• [Problem description]:
Give back every entry precisely as written, without any of the images.

+-------+

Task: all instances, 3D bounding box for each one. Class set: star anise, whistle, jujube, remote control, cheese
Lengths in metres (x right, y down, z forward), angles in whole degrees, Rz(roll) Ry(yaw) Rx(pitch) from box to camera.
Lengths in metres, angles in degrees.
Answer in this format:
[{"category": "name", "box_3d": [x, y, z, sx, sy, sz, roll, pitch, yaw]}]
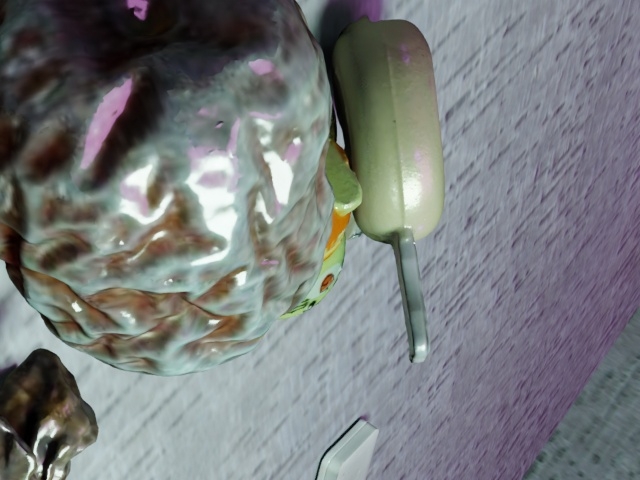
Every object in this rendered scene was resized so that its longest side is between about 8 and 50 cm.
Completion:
[{"category": "star anise", "box_3d": [-0.226, 0.187, 0.966, 0.236, 0.109, 0.223, -69, 168, 21]}, {"category": "whistle", "box_3d": [-0.028, -0.024, 1.173, 0.131, 0.106, 0.288, -39, 159, -26]}, {"category": "jujube", "box_3d": [-0.099, -0.043, 0.865, 0.226, 0.226, 0.317, -51, 163, -23]}, {"category": "remote control", "box_3d": [0.020, 0.348, 1.921, 0.103, 0.034, 0.250, -40, 151, -43]}, {"category": "cheese", "box_3d": [0.062, -0.041, 1.208, 0.163, 0.082, 0.286, 89, -4, -79]}]

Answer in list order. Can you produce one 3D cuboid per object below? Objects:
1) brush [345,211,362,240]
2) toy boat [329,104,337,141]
[{"category": "brush", "box_3d": [0.000, 0.000, 1.421, 0.336, 0.020, 0.085, -41, 153, -41]}, {"category": "toy boat", "box_3d": [-0.011, -0.086, 1.230, 0.149, 0.047, 0.049, 87, 20, -55]}]
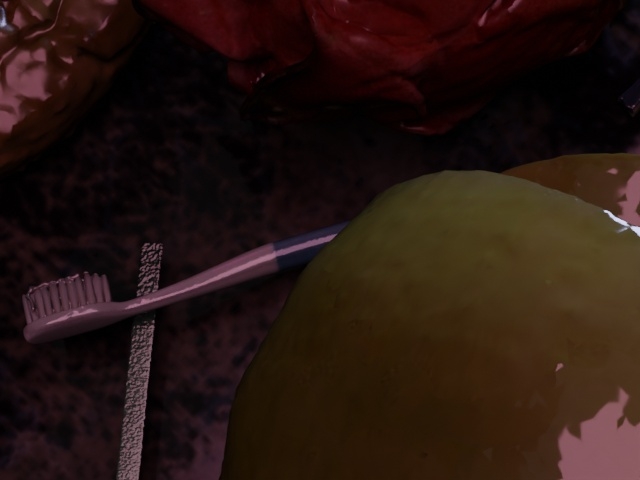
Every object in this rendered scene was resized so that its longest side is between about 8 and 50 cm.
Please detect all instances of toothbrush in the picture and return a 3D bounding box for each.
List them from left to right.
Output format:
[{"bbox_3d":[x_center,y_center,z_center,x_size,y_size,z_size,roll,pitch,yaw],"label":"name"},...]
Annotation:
[{"bbox_3d":[0.000,0.000,0.847,0.275,0.019,0.025,-15,64,0],"label":"toothbrush"}]

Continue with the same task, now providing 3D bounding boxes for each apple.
[{"bbox_3d":[0.100,0.100,0.668,0.254,0.292,0.292,37,82,22],"label":"apple"}]

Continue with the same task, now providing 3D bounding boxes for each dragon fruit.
[{"bbox_3d":[0.042,-0.155,0.773,0.233,0.293,0.234,9,74,-34],"label":"dragon fruit"}]

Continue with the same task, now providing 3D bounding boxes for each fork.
[{"bbox_3d":[-0.083,0.116,0.839,0.039,0.021,0.235,4,73,6],"label":"fork"}]

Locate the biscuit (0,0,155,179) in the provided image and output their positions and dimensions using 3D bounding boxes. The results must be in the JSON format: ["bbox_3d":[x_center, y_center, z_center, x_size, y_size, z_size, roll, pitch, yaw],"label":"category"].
[{"bbox_3d":[-0.213,-0.146,0.909,0.295,0.075,0.296,-2,75,8],"label":"biscuit"}]

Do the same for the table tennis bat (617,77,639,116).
[{"bbox_3d":[0.166,-0.089,0.863,0.083,0.007,0.050,-44,72,-7],"label":"table tennis bat"}]
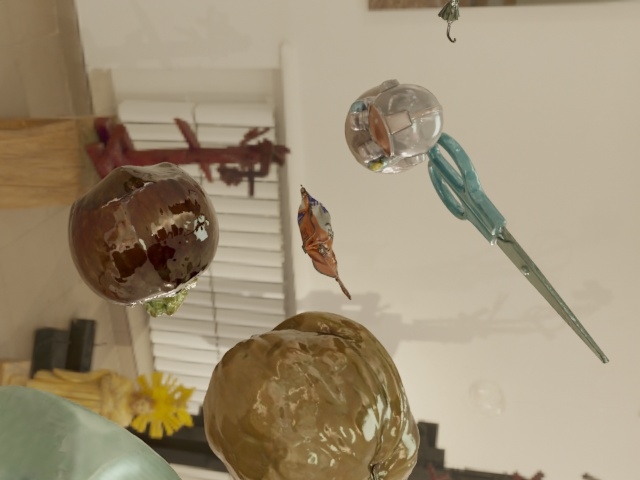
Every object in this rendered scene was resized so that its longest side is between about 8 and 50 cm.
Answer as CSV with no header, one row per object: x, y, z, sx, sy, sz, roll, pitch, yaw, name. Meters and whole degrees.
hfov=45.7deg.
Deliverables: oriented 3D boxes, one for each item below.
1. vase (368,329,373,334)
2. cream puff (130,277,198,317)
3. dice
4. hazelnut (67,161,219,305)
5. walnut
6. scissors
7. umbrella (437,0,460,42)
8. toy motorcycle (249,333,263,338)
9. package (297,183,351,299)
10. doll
0.010,0.270,1.496,0.248,0.128,0.128,-43,152,-13,vase
-0.328,0.032,1.502,0.221,0.195,0.194,34,57,-49,cream puff
-0.332,0.343,0.877,0.264,0.263,0.268,-63,148,-32,dice
-0.274,-0.011,1.188,0.218,0.234,0.218,59,-11,19,hazelnut
-0.011,0.239,1.030,0.296,0.285,0.285,7,86,-54,walnut
0.302,0.013,1.199,0.447,0.029,0.192,55,-8,26,scissors
0.245,-0.462,1.427,0.044,0.044,0.269,54,-9,23,umbrella
-0.048,0.219,1.314,0.136,0.254,0.092,12,101,-54,toy motorcycle
-0.001,0.001,0.731,0.077,0.033,0.110,72,5,-60,package
0.113,-0.169,1.123,0.287,0.151,0.150,-118,-150,-85,doll
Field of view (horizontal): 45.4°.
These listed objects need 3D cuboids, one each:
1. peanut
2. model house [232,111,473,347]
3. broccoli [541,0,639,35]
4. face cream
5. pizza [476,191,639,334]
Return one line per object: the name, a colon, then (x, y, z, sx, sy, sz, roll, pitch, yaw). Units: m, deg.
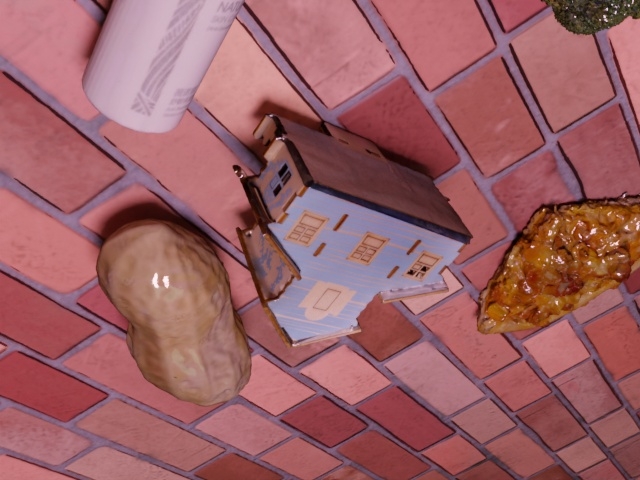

+-------+

• [Solution to the exercise]:
Task: all instances, 3D bounding box for each one. Class set: star anise, whistle, jujube, remote control, cheese
Lengths in metres (x right, y down, z forward), angles in whole degrees, Rz(roll) Ry(yaw) Rx(pitch) from box to camera.
Lengths in metres, angles in degrees.
Answer in this format:
[{"category": "name", "box_3d": [x, y, z, sx, sy, sz, roll, pitch, yaw]}]
Every object in this rendered scene was resized so that its longest side is between about 8 and 50 cm.
Completion:
[{"category": "star anise", "box_3d": [-0.226, 0.187, 0.966, 0.236, 0.109, 0.223, -69, 168, 21]}, {"category": "whistle", "box_3d": [-0.028, -0.024, 1.173, 0.131, 0.106, 0.288, -39, 159, -26]}, {"category": "jujube", "box_3d": [-0.099, -0.043, 0.865, 0.226, 0.226, 0.317, -51, 163, -23]}, {"category": "remote control", "box_3d": [0.020, 0.348, 1.921, 0.103, 0.034, 0.250, -40, 151, -43]}, {"category": "cheese", "box_3d": [0.062, -0.041, 1.208, 0.163, 0.082, 0.286, 89, -4, -79]}]

Answer in list order. Can you produce one 3D cuboid per object below? Objects:
1) brush [345,211,362,240]
2) toy boat [329,104,337,141]
[{"category": "brush", "box_3d": [0.000, 0.000, 1.421, 0.336, 0.020, 0.085, -41, 153, -41]}, {"category": "toy boat", "box_3d": [-0.011, -0.086, 1.230, 0.149, 0.047, 0.049, 87, 20, -55]}]
Every object in this rendered scene was resized so that its longest side is between about 8 and 50 cm.
Please detect all instances of toothbrush in the picture and return a 3D bounding box for each.
List them from left to right.
Output format:
[{"bbox_3d":[x_center,y_center,z_center,x_size,y_size,z_size,roll,pitch,yaw],"label":"name"},...]
Annotation:
[{"bbox_3d":[0.000,0.000,0.847,0.275,0.019,0.025,-15,64,0],"label":"toothbrush"}]

Continue with the same task, now providing 3D bounding boxes for each apple.
[{"bbox_3d":[0.100,0.100,0.668,0.254,0.292,0.292,37,82,22],"label":"apple"}]

Continue with the same task, now providing 3D bounding boxes for each dragon fruit.
[{"bbox_3d":[0.042,-0.155,0.773,0.233,0.293,0.234,9,74,-34],"label":"dragon fruit"}]

Continue with the same task, now providing 3D bounding boxes for each fork.
[{"bbox_3d":[-0.083,0.116,0.839,0.039,0.021,0.235,4,73,6],"label":"fork"}]

Locate the biscuit (0,0,155,179) in the provided image and output their positions and dimensions using 3D bounding boxes. The results must be in the JSON format: ["bbox_3d":[x_center, y_center, z_center, x_size, y_size, z_size, roll, pitch, yaw],"label":"category"].
[{"bbox_3d":[-0.213,-0.146,0.909,0.295,0.075,0.296,-2,75,8],"label":"biscuit"}]

Do the same for the table tennis bat (617,77,639,116).
[{"bbox_3d":[0.166,-0.089,0.863,0.083,0.007,0.050,-44,72,-7],"label":"table tennis bat"}]
Every object in this rendered scene was resized so that its longest side is between about 8 and 50 cm.
Answer as CSV with no header, one row per object: x, y, z, sx, sy, sz, roll, pitch, yaw, name. Meters and whole degrees.
hfov=45.7deg.
Deliverables: oriented 3D boxes, one for each item below.
1. vase (368,329,373,334)
2. cream puff (130,277,198,317)
3. dice
4. hazelnut (67,161,219,305)
5. walnut
6. scissors
7. umbrella (437,0,460,42)
8. toy motorcycle (249,333,263,338)
9. package (297,183,351,299)
10. doll
0.010,0.270,1.496,0.248,0.128,0.128,-43,152,-13,vase
-0.328,0.032,1.502,0.221,0.195,0.194,34,57,-49,cream puff
-0.332,0.343,0.877,0.264,0.263,0.268,-63,148,-32,dice
-0.274,-0.011,1.188,0.218,0.234,0.218,59,-11,19,hazelnut
-0.011,0.239,1.030,0.296,0.285,0.285,7,86,-54,walnut
0.302,0.013,1.199,0.447,0.029,0.192,55,-8,26,scissors
0.245,-0.462,1.427,0.044,0.044,0.269,54,-9,23,umbrella
-0.048,0.219,1.314,0.136,0.254,0.092,12,101,-54,toy motorcycle
-0.001,0.001,0.731,0.077,0.033,0.110,72,5,-60,package
0.113,-0.169,1.123,0.287,0.151,0.150,-118,-150,-85,doll
Field of view (horizontal): 45.4°.
These listed objects need 3D cuboids, one each:
1. peanut
2. model house [232,111,473,347]
3. broccoli [541,0,639,35]
4. face cream
5. pizza [476,191,639,334]
Return one line per object: the name, a colon, then (x, y, z, sx, sy, sz, roll, pitch, yaw). Units: m, deg.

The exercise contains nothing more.